Aksi Penyisiran Picu Ketegangan
Sebelumnya, sekelompok mahasiswa Luwu Raya menyisir sejumlah kampus di Kota Makassar. Mereka melakukan aksi kekerasan yang terekam dalam video dan langsung menyebar di media sosial. Publik pun merespons aksi tersebut dengan keresahan.
Bupati Luwu Utara mengecam keras tindakan itu. Ia menegaskan bahwa masyarakat tidak boleh membenarkan kekerasan dalam bentuk apa pun. Ia juga menyatakan bahwa salah satu pelaku berasal dari wilayah Luwu Utara.
“Karena kejadian penikaman yang melibatkan seorang warga asal Luwu Utara, kami sebagai pemerintah Luwu Utara menyampaikan permintaan maaf kepada masyarakat yang terdampak atas insiden ini,” ujar Bupati Luwu Utara.
Pemerintah Dorong Proses Hukum Tegas
Pemerintah Kabupaten Luwu Utara terus mendorong aparat penegak hukum untuk menangani kasus ini secara adil dan transparan.

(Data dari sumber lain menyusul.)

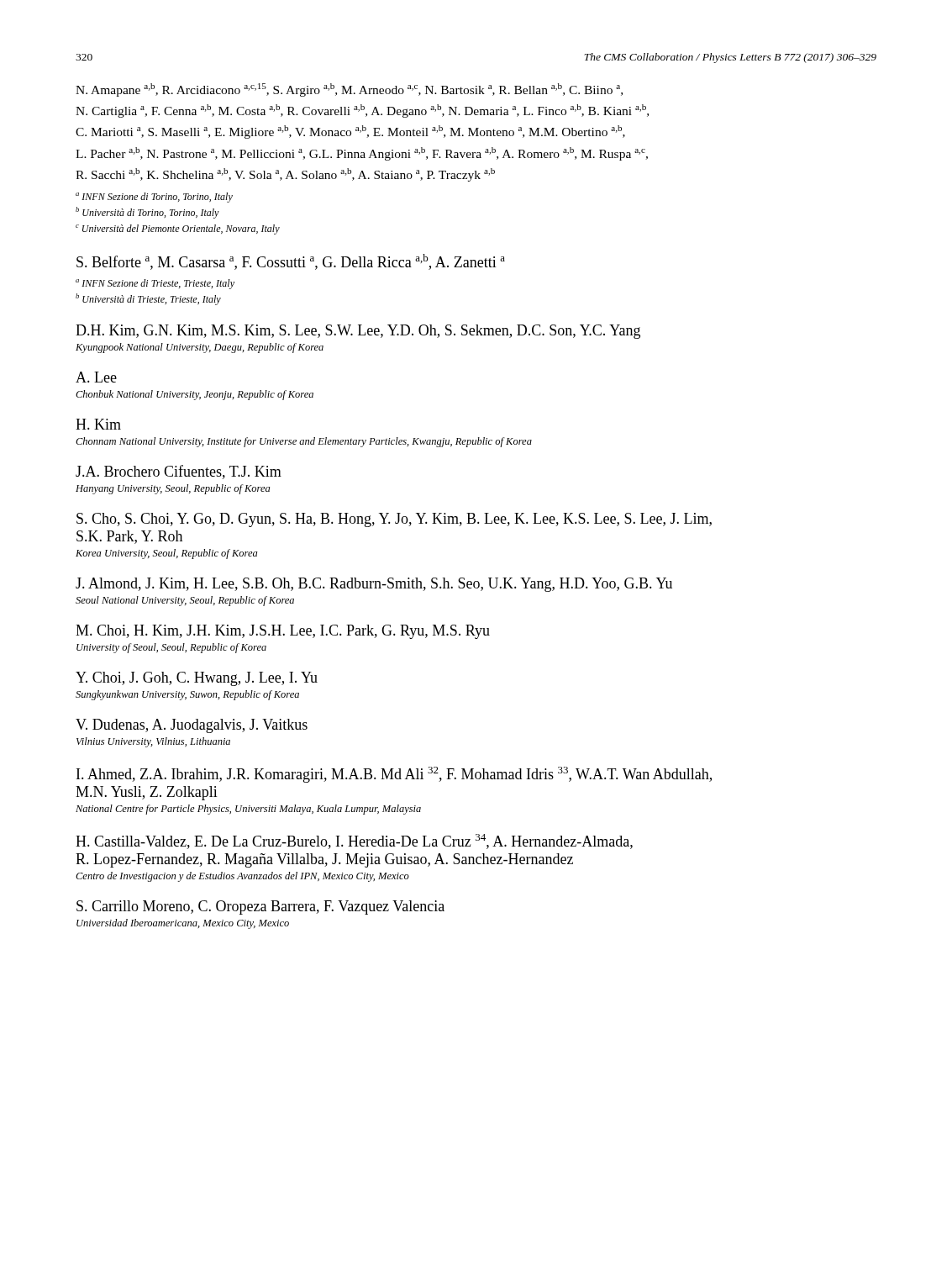952x1261 pixels.
Task: Locate the text block starting "S. Cho, S. Choi,"
Action: (394, 520)
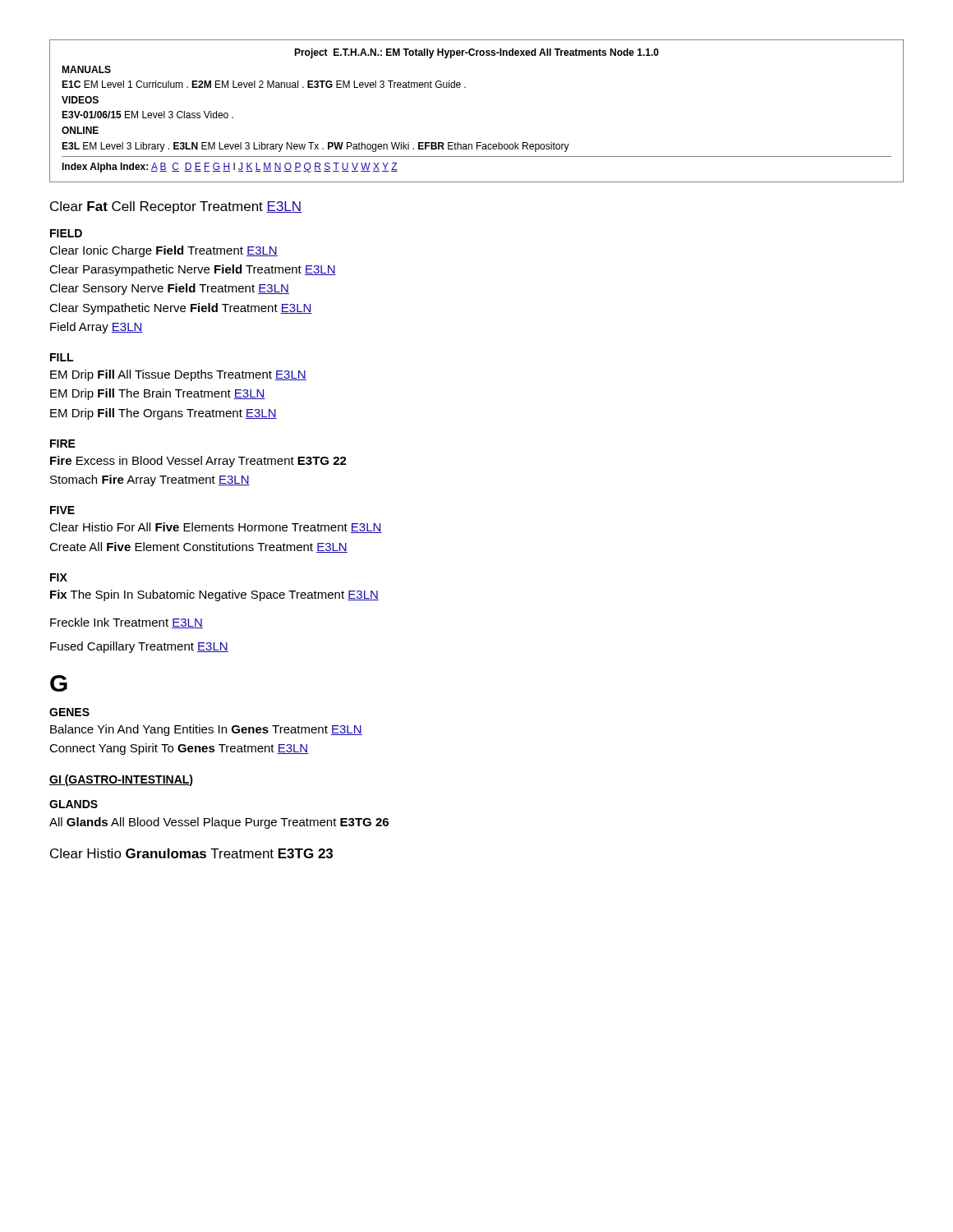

Mereka juga memberikan perhatian penuh kepada para korban untuk memastikan hak-haknya terpenuhi.
“Kami meminta pihak kepolisian segera menangkap pelaku yang telah memicu dan melakukan tindak pidana ini,” tegas Bupati Luwu Utara.
Imbauan Damai Bagi Mahasiswa Luwu Raya
Bupati mengajak mahasiswa asal Luwu Raya untuk menahan diri dan menghindari provokasi. Ia juga meminta semua pihak menjaga ketertiban dan menciptakan suasana damai di lingkungan kampus.
Ia berharap kekerasan mahasiswa Luwu Raya tidak terulang dan mengajak masyarakat bersama-sama menjaga kedamaian serta solidaritas di dunia pendidikan.